Finding the Mode of a Kernel Density Estimate

Given points $p1, \dots, pn$ in $\mathbb{R}^d$, how do we find a point $x$ which maximizes $\frac{1}{n} \sum{i=1}ⁿ e^{-|pi - x|^2}$? In other words, how do we find the maximizing point, or mode of a Gaussian kernel density estimation (KDE) centered at $p1, \dots, pn$? Given the power of KDEs in representing probability distributions and other continuous functions, the basic mode finding problem is widely applicable. However, it is poorly understood algorithmically. Few provable algorithms are known, so practitioners rely on heuristics like the "mean-shift" algorithm, which are not guaranteed to find a global optimum. We address this challenge by providing fast and provably accurate approximation algorithms for mode finding in both the low and high dimensional settings.

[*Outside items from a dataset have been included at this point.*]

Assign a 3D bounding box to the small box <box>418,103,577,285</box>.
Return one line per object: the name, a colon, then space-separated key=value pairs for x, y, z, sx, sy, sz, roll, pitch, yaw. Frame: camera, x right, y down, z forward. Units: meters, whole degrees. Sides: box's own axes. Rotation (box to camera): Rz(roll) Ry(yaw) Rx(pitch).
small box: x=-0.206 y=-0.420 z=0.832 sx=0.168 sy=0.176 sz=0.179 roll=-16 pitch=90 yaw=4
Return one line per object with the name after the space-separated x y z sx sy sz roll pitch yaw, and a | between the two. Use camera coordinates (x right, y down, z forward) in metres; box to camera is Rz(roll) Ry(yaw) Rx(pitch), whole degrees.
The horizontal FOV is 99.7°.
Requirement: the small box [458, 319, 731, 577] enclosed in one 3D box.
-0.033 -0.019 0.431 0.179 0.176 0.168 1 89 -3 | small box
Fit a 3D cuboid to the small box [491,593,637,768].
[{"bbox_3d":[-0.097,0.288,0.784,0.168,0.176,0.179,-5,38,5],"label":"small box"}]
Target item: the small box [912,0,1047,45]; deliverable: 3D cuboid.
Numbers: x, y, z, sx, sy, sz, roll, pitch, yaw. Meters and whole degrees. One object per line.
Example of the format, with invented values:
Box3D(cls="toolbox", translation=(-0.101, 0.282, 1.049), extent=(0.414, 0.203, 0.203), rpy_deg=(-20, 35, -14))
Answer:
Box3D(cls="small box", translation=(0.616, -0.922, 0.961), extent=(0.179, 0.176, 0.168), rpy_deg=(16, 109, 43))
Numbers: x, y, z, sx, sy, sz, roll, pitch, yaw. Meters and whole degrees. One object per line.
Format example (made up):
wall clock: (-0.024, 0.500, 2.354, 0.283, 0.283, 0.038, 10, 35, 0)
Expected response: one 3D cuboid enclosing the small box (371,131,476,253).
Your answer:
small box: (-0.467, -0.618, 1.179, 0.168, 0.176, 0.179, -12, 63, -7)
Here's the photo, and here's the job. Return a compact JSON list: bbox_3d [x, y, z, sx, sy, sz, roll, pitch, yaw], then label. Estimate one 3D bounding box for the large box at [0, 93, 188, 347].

For low dimension $d$, our main contribution is to reduce the mode finding problem to a solving a small number of systems of polynomial inequalities. For high dimension $d$, we prove the first dimensionality reduction result for KDE mode finding, which allows for reduction to the low dimensional case. Our result leverages Johnson-Lindenstrauss random projection, Kirszbraun's classic extension theorem, and perhaps surprisingly, the mean-shift heuristic for mode finding.